- Opening Delimiter -

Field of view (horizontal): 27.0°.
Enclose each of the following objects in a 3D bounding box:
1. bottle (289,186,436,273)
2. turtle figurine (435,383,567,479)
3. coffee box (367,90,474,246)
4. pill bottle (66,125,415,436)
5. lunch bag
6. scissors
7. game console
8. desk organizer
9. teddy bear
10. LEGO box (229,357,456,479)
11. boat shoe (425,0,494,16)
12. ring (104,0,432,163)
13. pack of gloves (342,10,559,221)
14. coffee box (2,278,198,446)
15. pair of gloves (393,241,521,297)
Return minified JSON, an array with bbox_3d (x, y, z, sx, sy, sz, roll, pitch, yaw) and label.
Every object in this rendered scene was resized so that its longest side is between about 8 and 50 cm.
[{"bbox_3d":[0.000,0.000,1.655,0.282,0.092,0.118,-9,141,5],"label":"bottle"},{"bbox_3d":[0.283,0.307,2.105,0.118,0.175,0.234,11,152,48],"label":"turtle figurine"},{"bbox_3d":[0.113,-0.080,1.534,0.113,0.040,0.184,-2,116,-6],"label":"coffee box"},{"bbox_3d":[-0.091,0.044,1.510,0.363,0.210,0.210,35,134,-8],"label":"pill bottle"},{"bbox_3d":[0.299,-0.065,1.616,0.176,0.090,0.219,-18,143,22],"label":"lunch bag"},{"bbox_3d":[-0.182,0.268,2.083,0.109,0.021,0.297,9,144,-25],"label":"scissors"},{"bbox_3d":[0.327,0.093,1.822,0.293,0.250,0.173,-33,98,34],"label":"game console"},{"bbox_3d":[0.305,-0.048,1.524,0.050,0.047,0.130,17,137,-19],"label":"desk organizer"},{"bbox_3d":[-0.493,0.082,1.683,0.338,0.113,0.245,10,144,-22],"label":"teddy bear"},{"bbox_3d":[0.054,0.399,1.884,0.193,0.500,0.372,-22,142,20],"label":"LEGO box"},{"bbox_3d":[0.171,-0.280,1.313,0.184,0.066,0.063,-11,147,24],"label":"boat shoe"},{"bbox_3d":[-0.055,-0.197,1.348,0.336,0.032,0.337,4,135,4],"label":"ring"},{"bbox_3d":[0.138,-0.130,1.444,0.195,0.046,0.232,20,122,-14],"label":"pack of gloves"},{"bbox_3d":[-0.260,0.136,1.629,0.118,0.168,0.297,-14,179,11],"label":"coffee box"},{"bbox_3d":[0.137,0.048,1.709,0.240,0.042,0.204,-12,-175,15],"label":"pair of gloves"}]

- Closing Delimiter -

Exercise directions:
Each line in the listing above from the one containing "12. ring (104,0,432,163)" through the one containing "Return minified JSON, an" should be repeated exactly, and no other line.

Solution for this exercise:
12. ring (104,0,432,163)
13. pack of gloves (342,10,559,221)
14. coffee box (2,278,198,446)
15. pair of gloves (393,241,521,297)
Return minified JSON, an array with bbox_3d (x, y, z, sx, sy, sz, roll, pitch, yaw) and label.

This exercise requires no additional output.